--- Provided material Enclosed Below ---

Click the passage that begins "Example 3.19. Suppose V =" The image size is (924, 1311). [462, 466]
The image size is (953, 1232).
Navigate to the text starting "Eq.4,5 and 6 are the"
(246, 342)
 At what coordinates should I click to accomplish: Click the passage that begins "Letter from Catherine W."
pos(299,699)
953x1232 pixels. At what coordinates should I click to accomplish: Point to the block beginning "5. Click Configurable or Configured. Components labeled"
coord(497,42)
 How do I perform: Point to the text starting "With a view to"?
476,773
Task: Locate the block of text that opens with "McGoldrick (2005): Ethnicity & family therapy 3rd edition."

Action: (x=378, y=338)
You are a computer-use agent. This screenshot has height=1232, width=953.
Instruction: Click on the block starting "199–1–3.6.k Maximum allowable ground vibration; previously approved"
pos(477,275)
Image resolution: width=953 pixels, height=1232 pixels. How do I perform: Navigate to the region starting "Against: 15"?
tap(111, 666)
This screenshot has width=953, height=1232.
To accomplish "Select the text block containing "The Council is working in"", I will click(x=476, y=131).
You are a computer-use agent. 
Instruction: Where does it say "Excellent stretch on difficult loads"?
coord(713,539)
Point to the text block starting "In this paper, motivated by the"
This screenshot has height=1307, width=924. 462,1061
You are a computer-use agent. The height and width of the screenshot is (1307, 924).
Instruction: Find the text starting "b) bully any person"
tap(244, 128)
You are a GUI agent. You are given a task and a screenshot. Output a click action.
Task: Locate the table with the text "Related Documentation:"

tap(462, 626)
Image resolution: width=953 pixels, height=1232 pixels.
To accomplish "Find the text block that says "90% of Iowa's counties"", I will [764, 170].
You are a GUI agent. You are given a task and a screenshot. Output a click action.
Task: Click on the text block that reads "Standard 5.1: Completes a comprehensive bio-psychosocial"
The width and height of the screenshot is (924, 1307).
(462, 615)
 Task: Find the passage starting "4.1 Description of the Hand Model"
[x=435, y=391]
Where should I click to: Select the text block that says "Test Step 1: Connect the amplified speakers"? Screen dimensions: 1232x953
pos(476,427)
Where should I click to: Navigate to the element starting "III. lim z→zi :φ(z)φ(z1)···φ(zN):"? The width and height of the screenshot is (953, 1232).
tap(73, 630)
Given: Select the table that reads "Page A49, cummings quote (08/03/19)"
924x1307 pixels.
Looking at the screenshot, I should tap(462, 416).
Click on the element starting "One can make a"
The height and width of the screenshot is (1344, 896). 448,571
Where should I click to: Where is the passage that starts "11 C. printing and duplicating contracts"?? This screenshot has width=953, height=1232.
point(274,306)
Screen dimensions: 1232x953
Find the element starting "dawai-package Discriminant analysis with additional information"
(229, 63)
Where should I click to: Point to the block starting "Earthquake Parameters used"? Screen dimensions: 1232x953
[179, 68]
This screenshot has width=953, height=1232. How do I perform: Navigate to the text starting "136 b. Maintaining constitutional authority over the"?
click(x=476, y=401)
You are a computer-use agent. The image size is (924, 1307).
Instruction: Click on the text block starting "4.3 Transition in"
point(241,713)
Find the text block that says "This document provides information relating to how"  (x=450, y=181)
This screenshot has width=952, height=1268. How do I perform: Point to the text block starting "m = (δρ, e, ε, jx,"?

--- End of Enclosed Provided material ---

Instructions for the task: Extract all lines of the records above that include "size".

Response to the task:
Click the passage that begins "Example 3.19. Suppose V =" The image size is (924, 1311). [462, 466]
The image size is (953, 1232).
You are a computer-use agent. The image size is (924, 1307).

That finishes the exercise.